I love Christmas. Or, if we’re being technical about it, I love the Christmas season. Christmas itself is like the sparkly royal icing on a really well-made sugar cookie. Or maybe it’s more like an extremely good piece of peppermint bark, since everyone knows deep in their heart that sugar cookies kind of suck.
Now that I’m a mother, I have a brand-new appreciation for this time of year. Yes, watching Aura painstakingly unwrap every present in her stocking is camera-worthy. Of course listening to her make up her own never-ending lyrics to the tune of “Jingle Bells” is worth the price of admission. But what I’m really talking about are THE OPTIONS. Man. You can spend every single day of the Christmas season doing a new activity and never once hit up the Rainforest Café or the H1N1-ridden children’s room in the library or the toy section of the Dollar Tree. There are tree-lighting ceremonies, holiday-themed storytimes, crappy craft fair upon crappy craft fair–it’s like a never-ending parade of pine-scented events. And that, folks, is the true meaning of Christmas: ways to burn time.

Exhibit #1: Hanging garland on mailbox. If one is armed with the proper plastic tool, this activity can take at least 10 minutes. Maybe 12.
This may not seem like much to parents who work outside the home (although I know you all definitely have a deep appreciation of the subject on weekends), but to stay-at-home parents, discovering new reasons for getting out of the house and away from the morning’s ninth game of Chutes and Ladders is like crack. Really good crack, I imagine. Like if this was TV, you’d be buying it from the astonishingly good-looking drug dealer in the VIP section of the club, not the skeezy guy on the corner near the car wash. That’s how good.
Anyway. Moving on.
I discovered all this last year, when Aura and I began what I like to think back on as the Month of What It is Surely Like in Hell, or At Least the Really Undesirable Section of Purgatory. Shortly after Thanksgiving 2008, Aura and I came down with raging colds and prolonged cases of pink eye. Just for fun I also developed an inner-ear infection, whose single redeeming factor was that I could totally gross out strangers with its existence. Before that, I had no idea how easy it is to freak out a grocery-store cashier. You mention “rupture” and “eardrum” in the same sentence and it’s like every single person in a Stop & Shop apron goes pasty. This is very satisfying when they’ve forgotten to scan your frequent-shopper card again. Makes you forget all about the knives stabbing you in the ear.

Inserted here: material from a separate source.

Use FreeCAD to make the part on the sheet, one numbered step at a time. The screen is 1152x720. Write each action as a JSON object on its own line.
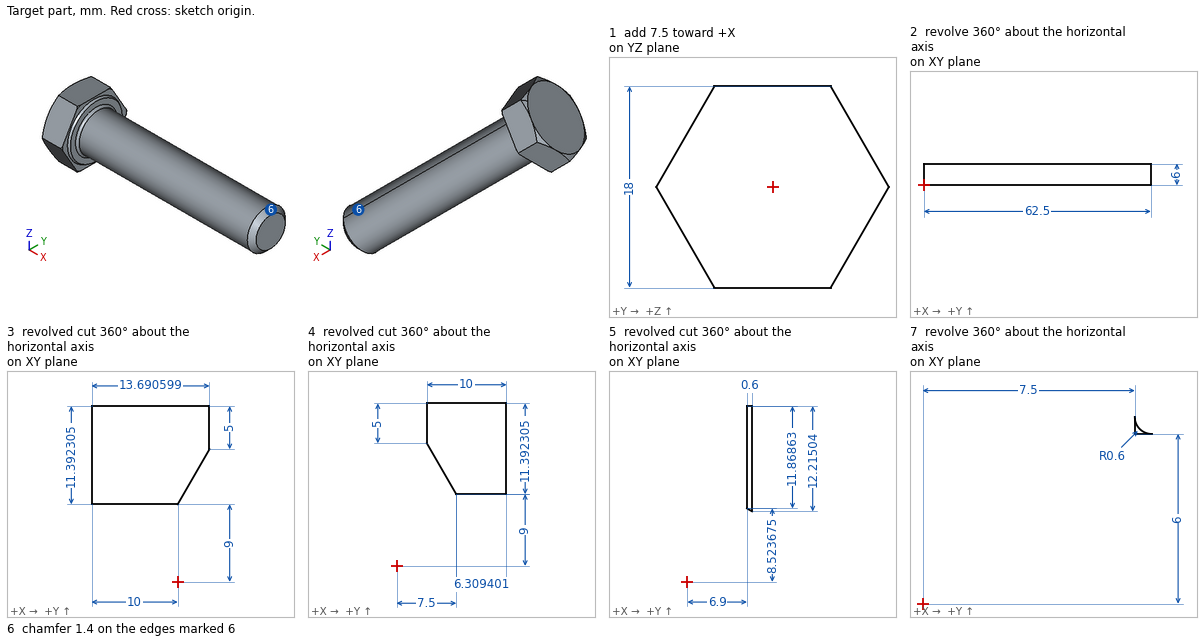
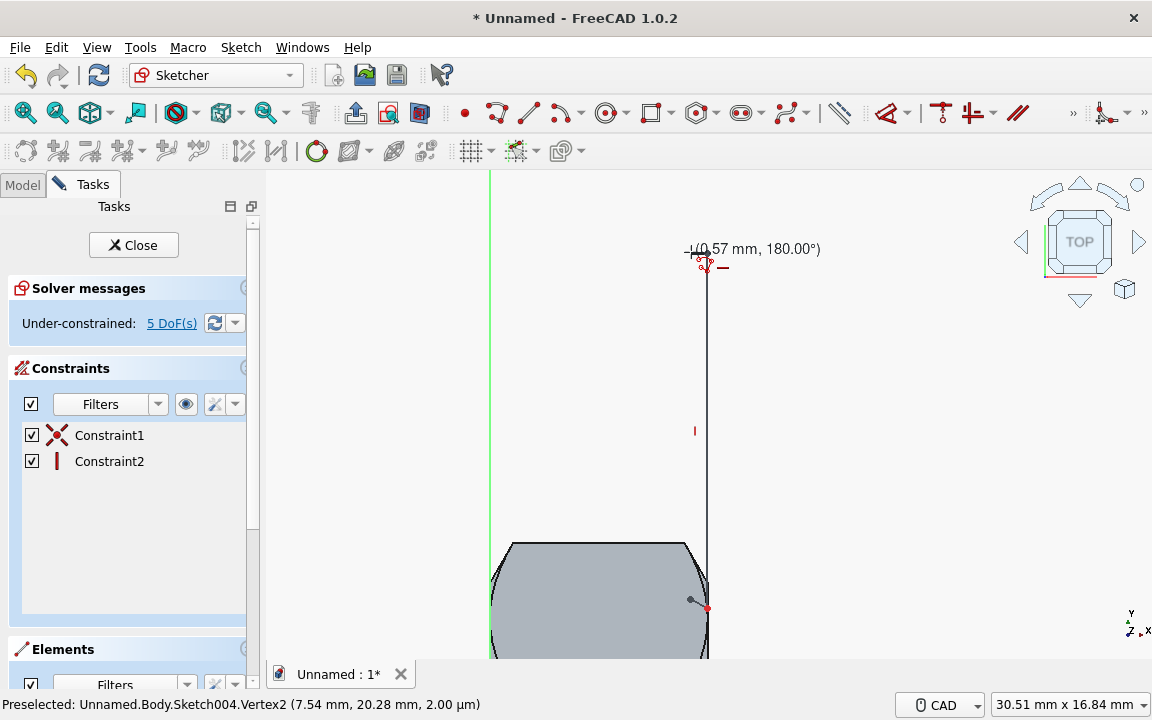
{"action": "left_click", "coordinate": [690, 252]}
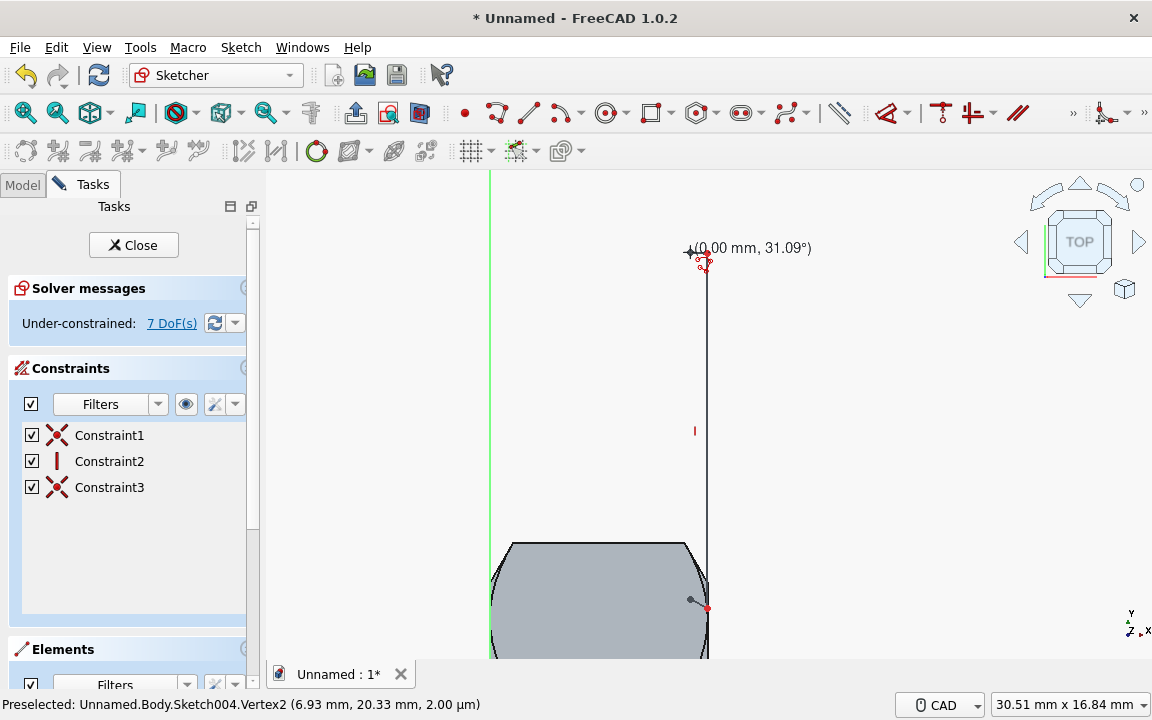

We interrupt for Exhibit #2: Shopping for and buying holiday socks. Easily takes up another 20 minutes, maybe 25 if you suggest putting on the good patent-leather shoes, too.
Between the two of us, Aura and I were pretty much blind and deaf for two-thirds of December. Yet we adjusted. Though it frustrated her, Aura got used to yelling into my good ear. I slowly became accustomed to wearing glasses instead of contacts, albeit glasses with a prescription four years out of date. Most days we weren’t fit for hobnobbing with others, so every fever-free evening I would plunk Aura in her car seat and we would drive around for an hour, trying to spot new Christmas light displays. It was a merry time, Aura announcing inflatable snowmen at top volume in the direction of my right ear, me weaving on the road, squinting wildly so as not to hit any carolers.
On days when we were feeling particularly frisky and non-contagious, Aura and I would truck on over to Target, where we would ooh and aah over the displays of moving wicker reindeer and point out the artificial Christmas trees we would have bought if Daddy hadn’t been so cheap and insisted on the shortish one with wonky boughs. Then we’d head to a nearby ice-cream shop and take out heaping cups of peppermint-stick ice cream.
It was during these quiet, nearly blind times that I began to fully appreciate the depth and breadth of the Christmas season. So much to do! So much to experience together! If only we weren’t walking, breathing clouds of plague!
And so, in the throes of a rare spell of non-preschool-tainted good health, I enter Christmas Season 2009 with high hopes. Perhaps a little too high, since I believe Aura and I are scheduled to witness 12 tree lightings and pay visits to approximately 36 mall Santas. Such carousing will no doubt tax our immune systems to the brink. But, hey, we have all of January to lie in bed.